TASK ITEM:
Go through the data and report how many lines include the word "Continuous", giving only the number.

[Records from a data collection]

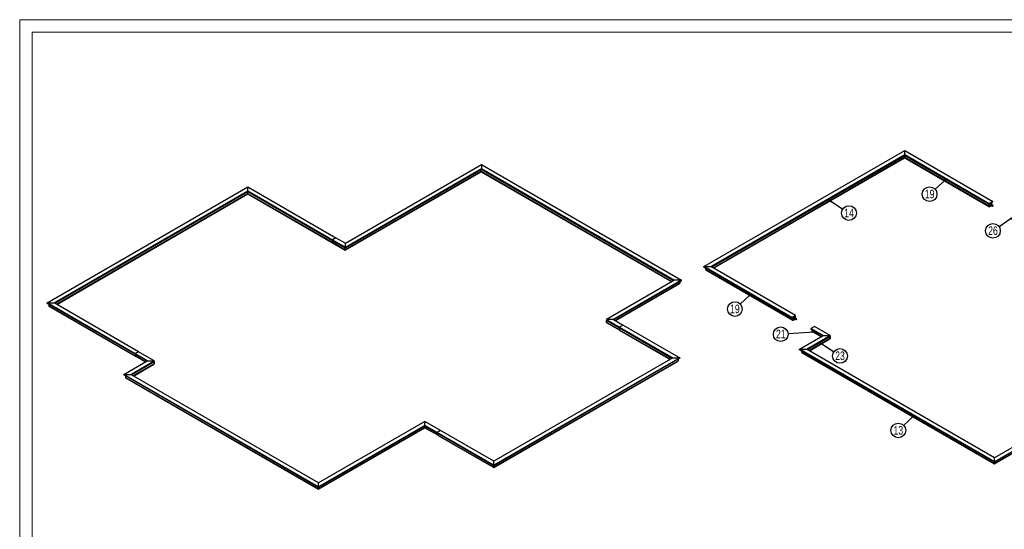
# Model space of a CAD drawing. Header units: millimetres. Extents: x 0 to 841, y 0 to 594.
# Tile 4 of 6: x 0 to 399, y 388 to 594. Entities that reach past the tile are written whole.
import ezdxf

# ---------------------------------------------------------------- set-up
doc = ezdxf.new("R2010")
doc.units = ezdxf.units.MM
doc.layers.add('NOTES', color=6, linetype='Continuous')
doc.layers.add('TRAIT-FORT', color=4, linetype='Continuous', lineweight=25)
doc.styles.add('SLDTEXTSTYLE0', font='TXT', dxfattribs={"width": 0.75})
doc.dimstyles.new('SLDDIMSTYLE3', dxfattribs={"dimtxt": 0.18, "dimasz": 1, "dimexe": 0, "dimexo": 0.0625, "dimgap": 0, "dimtad": 0, "dimtih": 1, "dimtoh": 1, "dimdec": 0, "dimrnd": 1e-09, "dimzin": 0, "dimdsep": 46, "dimtxsty": 'Standard', "dimblk1": 'DOT', "dimblk2": 'DOT', "dimsah": 1, "dimcen": 0.09, "dimadec": 0, "dimazin": 0, "dimtfac": 1, "dimtdec": 0, "dimtofl": 0, "dimtmove": 0, "dimatfit": 3, "dimldrblk": 'DOT', "dimfxl": 1, "dimfrac": 2, "dimtolj": 1, "dimtzin": 0, "dimarcsym": 0})

# ---------------------------------------------------------------- blocks, each defined once
blk = doc.blocks.new('SW_NOTE_3')
at = {"layer": 'NOTES', "color": 0}
blk.add_circle((2.49, -1.63), 2.98, dxfattribs=at)
at = {"layer": 'NOTES', "color": 0, "insert": (2.5, 0.18), "char_height": 3.5, "attachment_point": 2, "style": 'SLDTEXTSTYLE0'}
blk.add_mtext('14', dxfattribs=at)
blk = doc.blocks.new('_Dot')
at = {"color": 0, "linetype": 'ByBlock', "lineweight": -2}
blk.add_line((-0.5, 0), (-1, 0), dxfattribs=at)
at = {"color": 0, "linetype": 'ByBlock', "const_width": 0.5}
blk.add_lwpolyline([(-0.25, 0, 1), (0.25, 0, 1)], format="xyb", close=True, dxfattribs=at)
blk = doc.blocks.new('SW_NOTE_7')
at = {"layer": 'NOTES', "color": 0}
blk.add_circle((2.48, -1.65), 2.98, dxfattribs=at)
at = {"layer": 'NOTES', "color": 0, "insert": (2.49, 0.17), "char_height": 3.5, "attachment_point": 2, "style": 'SLDTEXTSTYLE0'}
blk.add_mtext('23', dxfattribs=at)
blk = doc.blocks.new('SW_NOTE_8')
at = {"layer": 'NOTES', "color": 0}
blk.add_circle((-2.18, -2.04), 2.98, dxfattribs=at)
at = {"layer": 'NOTES', "color": 0, "insert": (-2.17, -0.22), "char_height": 3.5, "attachment_point": 2, "style": 'SLDTEXTSTYLE0'}
blk.add_mtext('19', dxfattribs=at)
blk = doc.blocks.new('SW_NOTE_9')
at = {"layer": 'NOTES', "color": 0}
blk.add_circle((-2.16, -2.05), 2.98, dxfattribs=at)
at = {"layer": 'NOTES', "color": 0, "insert": (-2.15, -0.23), "char_height": 3.5, "attachment_point": 2, "style": 'SLDTEXTSTYLE0'}
blk.add_mtext('13', dxfattribs=at)
blk = doc.blocks.new('SW_NOTE_14')
at = {"layer": 'NOTES', "color": 0}
blk.add_circle((-2.48, -1.66), 2.98, dxfattribs=at)
at = {"layer": 'NOTES', "color": 0, "insert": (-2.47, 0.16), "char_height": 3.5, "attachment_point": 2, "style": 'SLDTEXTSTYLE0'}
blk.add_mtext('26', dxfattribs=at)
blk = doc.blocks.new('SW_NOTE_15')
at = {"layer": 'NOTES', "color": 0}
blk.add_circle((-2.22, -1.99), 2.98, dxfattribs=at)
at = {"layer": 'NOTES', "color": 0, "insert": (-2.21, -0.17), "char_height": 3.5, "attachment_point": 2, "style": 'SLDTEXTSTYLE0'}
blk.add_mtext('19', dxfattribs=at)
blk = doc.blocks.new('SW_NOTE_17')
at = {"layer": 'NOTES', "color": 0}
blk.add_circle((-2.98, -0.18), 2.98, dxfattribs=at)
at = {"layer": 'NOTES', "color": 0, "insert": (-2.97, 1.64), "char_height": 3.5, "attachment_point": 2, "style": 'SLDTEXTSTYLE0'}
blk.add_mtext('21', dxfattribs=at)

msp = doc.modelspace()

# ---------------------------------------------------------------- linework, layer by layer
at = {"lineweight": 18}
for p, q in [((841, 594), (0, 594)), ((0, 594), (0, 0)), ((5, 589), (5, 5)), ((836, 589), (5, 589))]:
    msp.add_line(p, q, dxfattribs=at)
at = {"layer": 'TRAIT-FORT', "lineweight": 25}
for p, q in [((277.503, 493.98), (358.962, 541.005)), ((280.332, 493.98), (358.962, 539.373)), ((280.508, 493.878), (358.962, 539.169)), ((358.962, 539.373), (358.962, 541.005)), ((358.962, 541.005), (394.671, 520.391)), ((358.962, 539.373), (393.257, 519.575)), ((358.962, 539.169), (358.962, 539.373)), ((358.962, 539.169), (393.257, 519.371)), ((132.155, 503.454), (187.309, 535.294)), ((187.309, 535.294), (187.309, 533.661)), ((187.309, 535.294), (268.414, 488.473)), ((358.962, 538.924), (280.721, 493.756)), ((358.962, 538.189), (281.357, 493.388)), ((281.445, 493.338), (358.962, 538.087)), ((393.239, 519.136), (358.962, 538.924)), ((358.962, 538.189), (358.962, 538.924)), ((393.239, 518.401), (358.962, 538.189)), ((358.962, 538.087), (393.301, 518.264)), ((187.203, 533.274), (132.049, 501.434)), ((187.203, 532.539), (132.049, 500.699)), ((132.049, 500.597), (187.203, 532.437)), ((132.155, 501.822), (187.309, 533.661)), ((132.155, 501.617), (187.309, 533.457)), ((187.203, 533.396), (187.203, 533.274)), ((187.203, 532.539), (187.203, 533.274)), ((265.197, 488.249), (187.203, 533.274)), ((187.203, 532.437), (187.203, 532.539)), ((264.561, 487.881), (187.203, 532.539)), ((187.203, 532.437), (264.473, 487.831)), ((187.309, 533.661), (187.309, 533.457)), ((187.309, 533.661), (265.586, 488.473)), ((187.309, 533.457), (265.409, 488.371)), ((11.098, 479.289), (92.557, 526.314)), ((13.927, 479.289), (92.557, 524.681)), ((14.103, 479.187), (92.557, 524.477)), ((92.557, 524.232), (14.316, 479.064)), ((92.557, 523.497), (14.952, 478.697)), ((15.04, 478.646), (92.557, 523.396)), ((92.557, 524.681), (92.557, 526.314)), ((92.557, 526.314), (128.266, 505.7)), ((92.557, 524.681), (126.852, 504.883)), ((92.557, 524.477), (92.557, 524.681)), ((92.557, 524.477), (126.852, 504.679)), ((126.834, 504.444), (92.557, 524.232)), ((92.557, 523.497), (92.557, 524.232)), ((126.834, 503.709), (92.557, 523.497)), ((92.557, 523.396), (126.896, 503.572)), ((394.671, 520.391), (393.257, 519.575)), ((393.257, 519.371), (394.671, 520.187)), ((393.257, 519.575), (393.257, 519.371)), ((393.345, 519.197), (393.345, 518.462)), ((393.345, 519.191), (393.952, 518.84)), ((393.345, 519.191), (394.518, 518.514)), ((394.152, 519.187), (393.586, 519.513)), ((394.087, 519.748), (393.633, 519.486)), ((394.194, 519.687), (394.087, 519.748)), ((394.718, 518.86), (394.155, 519.185)), ((394.249, 518.989), (394.184, 519.148)), ((394.237, 519.886), (394.193, 519.911)), ((394.194, 519.163), (394.194, 519.687)), ((394.3, 519.101), (394.3, 519.748)), ((394.671, 520.187), (394.671, 520.391)), ((393.239, 519.136), (393.239, 518.401)), ((393.451, 518.401), (393.345, 518.462)), ((393.451, 518.401), (394.082, 518.765)), ((393.451, 518.279), (394.087, 518.646)), ((394.002, 518.832), (394.172, 518.855)), ((394.567, 518.505), (394.738, 518.528)), ((394.815, 518.662), (394.75, 518.821)), ((126.834, 504.444), (126.834, 503.709)), ((128.266, 505.7), (126.852, 504.883)), ((128.266, 505.699), (126.852, 504.883)), ((126.852, 504.883), (126.852, 504.679)), ((126.852, 504.883), (126.852, 504.679)), ((126.852, 504.883), (132.155, 501.822)), ((126.852, 504.679), (126.852, 504.679)), ((126.852, 504.679), (132.155, 501.617)), ((132.049, 501.434), (126.869, 504.424)), ((126.869, 504.424), (126.869, 503.689)), ((132.049, 500.699), (126.869, 503.689)), ((126.931, 503.552), (132.049, 500.597)), ((128.266, 505.699), (128.266, 505.7)), ((128.266, 505.699), (132.155, 503.454)), ((132.155, 501.822), (132.155, 503.454)), ((132.049, 500.699), (132.049, 501.434)), ((132.049, 500.597), (132.049, 500.699)), ((132.155, 501.617), (132.155, 501.822)), ((313.212, 473.366), (277.503, 493.98)), ((277.503, 493.98), (280.332, 493.98)), ((277.503, 493.776), (277.503, 493.98)), ((313.212, 473.162), (277.503, 493.776)), ((278.21, 493.368), (278.21, 492.796)), ((278.21, 492.796), (313.548, 472.396)), ((278.335, 492.623), (313.61, 472.259)), ((314.626, 474.183), (280.332, 493.98)), ((265.586, 488.473), (238.009, 472.553)), ((268.414, 488.473), (240.837, 472.553)), ((268.414, 488.269), (241.014, 472.451)), ((241.509, 472.165), (267.707, 487.289)), ((268.414, 488.473), (265.586, 488.473)), ((267.707, 487.861), (267.707, 487.289)), ((268.414, 488.269), (268.414, 488.473)), ((241.597, 472.115), (267.583, 487.116)), ((11.098, 479.085), (11.098, 479.289)), ((46.807, 458.674), (11.098, 479.289)), ((11.098, 479.289), (13.927, 479.289)), ((48.221, 459.491), (13.927, 479.289)), ((46.807, 458.47), (11.098, 479.085)), ((11.805, 478.676), (11.805, 478.105)), ((11.805, 478.105), (47.143, 457.705)), ((11.93, 477.931), (47.205, 457.567)), ((238.009, 472.553), (238.009, 472.349)), ((240.837, 472.553), (238.009, 472.553)), ((238.009, 472.553), (243.312, 469.492)), ((238.009, 472.349), (243.312, 469.288)), ((243.294, 469.053), (238.009, 472.104)), ((238.009, 471.369), (238.009, 472.104)), ((243.294, 468.318), (238.009, 471.369)), ((240.837, 472.553), (244.726, 470.308)), ((314.626, 474.183), (313.212, 473.366)), ((313.212, 473.162), (314.626, 473.978)), ((313.212, 473.366), (313.212, 473.162)), ((313.354, 473.244), (313.548, 473.131)), ((313.548, 473.131), (313.548, 472.396)), ((313.654, 473.193), (313.654, 472.458)), ((313.654, 473.186), (314.261, 472.836)), ((313.654, 473.186), (314.827, 472.509)), ((313.654, 472.458), (313.76, 472.396)), ((313.76, 472.396), (314.391, 472.761)), ((313.76, 472.274), (314.397, 472.641)), ((314.461, 473.182), (313.896, 473.509)), ((314.397, 473.744), (313.942, 473.482)), ((314.311, 472.827), (314.481, 472.85)), ((314.396, 473.744), (314.503, 473.682)), ((315.027, 472.855), (314.464, 473.18)), ((314.558, 472.984), (314.493, 473.143)), ((314.547, 473.881), (314.502, 473.907)), ((314.503, 473.158), (314.503, 473.682)), ((314.609, 473.097), (314.609, 473.744)), ((314.626, 473.978), (314.626, 474.183)), ((314.876, 472.501), (315.047, 472.524)), ((315.124, 472.657), (315.059, 472.817)), ((238.133, 471.196), (243.357, 468.181)), ((243.294, 469.053), (243.294, 468.318)), ((244.726, 470.308), (243.312, 469.492)), ((243.312, 469.492), (243.312, 469.288)), ((243.312, 469.288), (243.313, 469.288)), ((244.727, 470.308), (243.313, 469.492)), ((243.313, 469.492), (264.879, 457.042)), ((243.313, 469.492), (243.313, 469.287)), ((243.313, 469.287), (264.702, 456.94)), ((243.33, 469.033), (243.33, 468.298)), ((264.49, 456.817), (243.33, 469.033)), ((263.854, 456.45), (243.33, 468.298)), ((243.392, 468.16), (263.766, 456.399)), ((244.726, 470.308), (244.726, 470.308)), ((244.727, 470.308), (267.707, 457.042)), ((322.353, 469.722), (320.939, 468.906)), ((325.888, 466.048), (320.939, 468.906)), ((320.939, 468.906), (320.939, 468.701)), ((325.711, 465.946), (320.939, 468.701)), ((321.31, 468.487), (321.31, 467.916)), ((321.31, 467.916), (325.216, 465.66)), ((321.372, 467.778), (325.128, 465.61)), ((328.717, 466.048), (322.353, 469.722)), ((316.342, 460.538), (325.888, 466.048)), ((319.171, 460.538), (328.717, 466.048)), ((319.347, 460.436), (328.717, 465.844)), ((328.717, 465.599), (319.56, 460.313)), ((328.717, 464.864), (320.196, 459.946)), ((320.284, 459.895), (328.592, 464.691)), ((325.888, 466.048), (328.717, 466.048)), ((328.717, 466.048), (328.717, 465.844)), ((328.717, 465.599), (328.717, 464.864)), ((48.221, 459.491), (46.807, 458.674)), ((48.222, 459.491), (46.808, 458.674)), ((48.221, 459.49), (48.221, 459.491)), ((54.585, 455.817), (48.222, 459.491)), ((395.326, 414.941), (316.342, 460.538)), ((316.342, 460.333), (316.342, 460.538)), ((316.342, 460.538), (319.171, 460.538)), ((395.326, 414.737), (316.342, 460.333)), ((317.049, 459.925), (317.049, 459.354)), ((317.049, 459.354), (395.326, 414.165)), ((395.326, 416.574), (319.171, 460.538)), ((42.211, 450.306), (51.757, 455.817)), ((45.039, 450.306), (54.585, 455.817)), ((45.216, 450.204), (54.585, 455.613)), ((54.585, 455.368), (45.428, 450.082)), ((46.807, 458.674), (46.807, 458.47)), ((46.807, 458.47), (46.808, 458.47)), ((51.757, 455.817), (46.808, 458.674)), ((46.808, 458.674), (46.808, 458.47)), ((51.58, 455.715), (46.808, 458.47)), ((47.143, 458.276), (47.143, 457.705)), ((47.178, 458.256), (47.178, 457.684)), ((47.178, 457.684), (51.085, 455.429)), ((47.241, 457.547), (50.997, 455.378)), ((51.757, 455.817), (54.585, 455.817)), ((54.585, 455.817), (54.585, 455.613)), ((54.585, 455.368), (54.585, 454.633)), ((264.879, 457.042), (192.259, 415.119)), ((267.707, 457.042), (192.259, 413.486)), ((267.707, 456.837), (192.259, 413.282)), ((192.259, 412.71), (267, 455.858)), ((192.259, 412.609), (266.876, 455.684)), ((264.879, 457.042), (267.707, 457.042)), ((267, 456.429), (267, 455.858)), ((267.707, 457.042), (267.707, 456.837)), ((317.174, 459.18), (395.326, 414.064)), ((54.585, 454.633), (46.065, 449.714)), ((46.153, 449.664), (54.461, 454.46)), ((121.195, 404.71), (42.211, 450.306)), ((42.211, 450.102), (42.211, 450.306)), ((42.211, 450.306), (45.039, 450.306)), ((121.195, 404.506), (42.211, 450.102)), ((42.918, 449.694), (42.918, 449.122)), ((42.918, 449.122), (121.195, 403.934)), ((43.042, 448.949), (121.195, 403.833)), ((121.195, 406.343), (45.039, 450.306)), ((438.46, 441.474), (395.326, 416.574)), ((438.46, 439.842), (395.326, 414.941)), ((438.46, 439.638), (395.326, 414.737)), ((395.326, 414.165), (438.46, 439.066)), ((395.326, 414.064), (438.46, 438.964)), ((164.328, 431.243), (121.195, 406.343)), ((164.328, 429.61), (121.195, 404.71)), ((164.328, 429.406), (121.195, 404.506)), ((121.195, 403.934), (164.328, 428.835)), ((121.195, 403.833), (164.328, 428.733)), ((164.328, 429.61), (164.328, 431.243)), ((170.692, 427.569), (164.328, 431.243)), ((164.328, 429.406), (164.328, 429.61)), ((169.278, 426.753), (164.328, 429.61)), ((169.278, 426.549), (164.328, 429.406)), ((164.328, 428.835), (164.328, 429.406)), ((164.328, 428.835), (169.614, 425.783)), ((164.328, 428.733), (169.676, 425.646)), ((170.692, 427.569), (169.278, 426.753)), ((170.693, 427.569), (169.278, 426.753)), ((170.692, 427.569), (170.692, 427.569)), ((192.259, 415.119), (170.693, 427.569)), ((169.278, 426.753), (169.278, 426.549)), ((169.278, 426.753), (169.278, 426.548)), ((192.259, 413.486), (169.278, 426.753)), ((169.278, 426.549), (169.278, 426.549)), ((192.259, 413.282), (169.278, 426.548)), ((169.614, 426.355), (169.614, 425.783)), ((169.649, 426.334), (169.649, 425.763)), ((169.649, 425.763), (192.259, 412.71)), ((169.711, 425.625), (192.259, 412.609)), ((395.326, 414.941), (395.326, 416.574)), ((192.259, 413.486), (192.259, 415.119)), ((192.259, 413.282), (192.259, 413.486)), ((192.259, 412.71), (192.259, 413.282)), ((395.326, 414.737), (395.326, 414.941)), ((395.326, 414.165), (395.326, 414.737)), ((121.195, 404.71), (121.195, 406.343)), ((121.195, 404.506), (121.195, 404.71)), ((121.195, 403.934), (121.195, 404.506))]:
    msp.add_line(p, q, dxfattribs=at)
at = {"layer": 'TRAIT-FORT', "lineweight": 25, "flags": 128}
for points in [[(187.203, 532.437), (187.203, 532.437), (187.203, 532.444), (187.203, 532.464), (187.203, 532.496), (187.203, 532.539)], [(393.348, 519.227), (393.347, 519.222), (393.345, 519.197)], [(394.002, 518.832), (393.972, 518.833), (393.942, 518.848), (393.92, 518.878), (393.911, 518.92), (393.914, 518.97), (393.93, 519.024), (393.956, 519.078), (393.991, 519.125), (394.031, 519.163), (394.073, 519.187), (394.113, 519.196), (394.148, 519.189), (394.175, 519.166), (394.184, 519.148)], [(394.253, 518.966), (394.249, 518.99), (394.236, 519.005), (394.216, 519.009), (394.194, 519.001), (394.171, 518.982), (394.151, 518.956), (394.138, 518.926), (394.134, 518.897), (394.138, 518.874), (394.151, 518.859), (394.171, 518.855), (394.194, 518.863), (394.216, 518.881), (394.236, 518.907), (394.249, 518.937), (394.253, 518.966)], [(394.567, 518.505), (394.538, 518.506), (394.507, 518.521), (394.486, 518.551), (394.477, 518.593), (394.48, 518.644), (394.495, 518.698), (394.522, 518.751), (394.556, 518.799), (394.597, 518.836), (394.639, 518.86), (394.679, 518.869), (394.714, 518.862), (394.74, 518.839), (394.75, 518.821)], [(394.819, 518.64), (394.814, 518.663), (394.802, 518.678), (394.782, 518.682), (394.759, 518.674), (394.736, 518.656), (394.717, 518.63), (394.704, 518.6), (394.699, 518.571), (394.704, 518.547), (394.717, 518.532), (394.736, 518.528), (394.759, 518.536), (394.782, 518.555), (394.802, 518.581), (394.814, 518.611), (394.819, 518.64)], [(126.869, 503.689), (126.873, 503.643), (126.885, 503.604), (126.905, 503.573), (126.931, 503.552), (126.931, 503.552)], [(132.049, 500.597), (132.049, 500.599), (132.049, 500.609), (132.049, 500.63), (132.049, 500.66), (132.049, 500.699)], [(313.657, 473.223), (313.656, 473.218), (313.654, 473.193)], [(314.311, 472.827), (314.281, 472.828), (314.251, 472.843), (314.23, 472.873), (314.22, 472.915), (314.223, 472.966), (314.239, 473.02), (314.265, 473.073), (314.3, 473.121), (314.34, 473.158), (314.382, 473.183), (314.423, 473.191), (314.457, 473.184), (314.484, 473.161), (314.493, 473.143)], [(314.562, 472.962), (314.558, 472.985), (314.545, 473), (314.526, 473.004), (314.503, 472.996), (314.48, 472.978), (314.46, 472.952), (314.447, 472.922), (314.443, 472.893), (314.447, 472.869), (314.46, 472.854), (314.48, 472.85), (314.503, 472.858), (314.526, 472.877), (314.545, 472.903), (314.558, 472.933), (314.562, 472.962)], [(314.876, 472.501), (314.847, 472.501), (314.816, 472.517), (314.795, 472.547), (314.786, 472.589), (314.789, 472.639), (314.804, 472.693), (314.831, 472.746), (314.865, 472.794), (314.906, 472.832), (314.948, 472.856), (314.988, 472.865), (315.023, 472.857), (315.049, 472.835), (315.059, 472.817)], [(315.128, 472.635), (315.124, 472.659), (315.111, 472.674), (315.091, 472.678), (315.068, 472.67), (315.045, 472.651), (315.026, 472.625), (315.013, 472.595), (315.009, 472.566), (315.013, 472.542), (315.026, 472.527), (315.045, 472.524), (315.068, 472.532), (315.091, 472.55), (315.111, 472.576), (315.124, 472.606), (315.128, 472.635)], [(243.33, 468.298), (243.334, 468.252), (243.346, 468.213), (243.366, 468.182), (243.392, 468.16), (243.392, 468.16)], [(164.328, 428.835), (164.328, 428.796), (164.328, 428.765), (164.328, 428.745), (164.328, 428.734), (164.328, 428.733)], [(192.259, 412.609), (192.259, 412.61), (192.259, 412.621), (192.259, 412.641), (192.259, 412.672), (192.259, 412.71)]]:
    msp.add_lwpolyline(points, dxfattribs=at)
at = {"layer": 'TRAIT-FORT', "lineweight": 25}
for centre, radius, start, end in [((294.233, 539.073), 64.729, 359.86794, 0.08473), ((173.911, 539.123), 185.051, 359.93842, 0.01425), ((345.771, 538.124), 13.192, 359.84133, 0.28234), ((392.898, 538.175), 33.936, 179.97612, 180.14755), ((157.252, 533.335), 29.952, 359.883, 0.117), ((27.828, 524.381), 64.729, 359.86794, 0.08473), ((-92.494, 524.431), 185.051, 359.93842, 0.01425), ((79.366, 523.432), 13.192, 359.84133, 0.28234), ((126.493, 523.483), 33.936, 179.97612, 180.14755), ((393.703, 519.114), 0.464, 136.42889, 177.29971), ((394.129, 519.697), 0.0655, 350.77841, 129.21155), ((394.172, 519.77), 0.129, 350.25153, 90.02881), ((393.368, 518.38), 0.131, 170.78684, 309.20309), ((393.41, 518.452), 0.0655, 170.78987, 309.19999), ((393.891, 518.972), 0.381, 301.02213, 317.26536), ((126.97, 503.69), 0.138, 171.80589, 246.24414), ((127.213, 504.445), 0.379, 146.74547, 180.1513), ((127.249, 504.425), 0.379, 146.74547, 180.1513), ((23.128, 501.601), 108.921, 359.91192, 0.04075), ((241.596, 501.511), 109.548, 179.91229, 180.04038), ((313.677, 472.375), 0.131, 170.78596, 309.20322), ((314.012, 473.109), 0.464, 136.4268, 177.3018), ((313.719, 472.447), 0.0655, 170.78588, 309.20325), ((314.438, 473.693), 0.0655, 350.78585, 129.20337), ((314.201, 472.967), 0.38, 301.01133, 317.2776), ((314.481, 473.765), 0.129, 350.25688, 90.02364), ((243.431, 468.298), 0.138, 171.81012, 246.2399), ((243.674, 469.054), 0.379, 146.74547, 180.1513), ((243.709, 469.034), 0.379, 146.74547, 180.1513), ((321.453, 467.898), 0.144, 172.89098, 235.79682), ((47.279, 457.685), 0.138, 171.8071, 246.23937), ((47.322, 457.666), 0.144, 172.89098, 235.79682), ((150.189, 428.77), 14.139, 359.85134, 0.26281), ((169.75, 425.764), 0.138, 171.8065, 246.23683), ((169.79, 425.744), 0.142, 172.33097, 236.35429), ((292.419, 412.626), 100.16, 179.95194, 180.00998), ((408.727, 414.111), 13.401, 179.76585, 180.19964), ((382.869, 414.118), 12.457, 359.74941, 0.21608), ((134.763, 403.897), 13.568, 179.84447, 180.27325), ((151.879, 403.915), 30.684, 179.96406, 180.15366)]:
    msp.add_arc(centre, radius, start, end, dxfattribs=at)
for centre, start_param, end_param in [((278.635, 492.796), 3.1415927, 3.9270721), ((278.635, 492.796), 3.1415927, 3.9270721), ((267.283, 487.289), 5.4977059, 6.2831853), ((267.283, 487.289), 5.4977059, 6.2831853), ((12.23, 478.105), 3.1415927, 3.9270721), ((12.23, 478.105), 3.1415927, 3.9270721), ((238.433, 472.104), 2.3561132, 3.1415927), ((238.433, 472.104), 2.3561132, 3.1415927), ((238.433, 471.369), 3.1415927, 3.9270721), ((238.433, 471.369), 3.1415927, 3.9270721), ((328.292, 465.599), 0, 0.7854794), ((328.292, 465.599), 0, 0.7854794), ((328.292, 464.864), 5.4977059, 6.2831853), ((328.292, 464.864), 5.4977059, 6.2831853), ((317.474, 459.354), 3.1415927, 3.9270721), ((317.474, 459.354), 3.1415927, 3.9270721), ((54.161, 455.368), 0, 0.7854794), ((54.161, 455.368), 0, 0.7854794), ((266.576, 455.858), 5.4977059, 6.2831853), ((266.576, 455.858), 5.4977059, 6.2831853), ((54.161, 454.633), 5.4977059, 6.2831853), ((54.161, 454.633), 5.4977059, 6.2831853), ((43.342, 449.122), 3.1415927, 3.9270721), ((43.342, 449.122), 3.1415927, 3.9270721)]:
    msp.add_ellipse(centre, major_axis=(0.424, 0), ratio=0.5773815, start_param=start_param, end_param=end_param, dxfattribs=at)

# ---------------------------------------------------------------- block references
at = {"layer": 'NOTES'}
for name, p in [('SW_NOTE_15', (371.278, 525.314)), ('SW_NOTE_3', (333.857, 517.286)), ('SW_NOTE_14', (397.194, 510.143)), ('SW_NOTE_8', (292.24, 478.822)), ('SW_NOTE_17', (311.657, 466.771)), ('SW_NOTE_7', (330.22, 459.44)), ('SW_NOTE_9', (358.516, 429.654))]:
    msp.add_blockref(name, p, dxfattribs=at)

# ---------------------------------------------------------------- leaders
for points in [[(375.405, 529.01), (371.278, 525.314)], [(328.445, 520.833), (333.857, 517.286)], [(402.129, 513.45), (397.194, 510.143)], [(296.23, 482.556), (292.24, 478.822)], [(322.337, 467.403), (311.657, 466.771)], [(324.799, 463.042), (330.22, 459.44)], [(362.458, 433.391), (358.516, 429.654)]]:
    msp.add_leader(points, dimstyle='SLDDIMSTYLE3', dxfattribs=at)

doc.saveas('drawing.dxf')

RESPONSE BOX:
2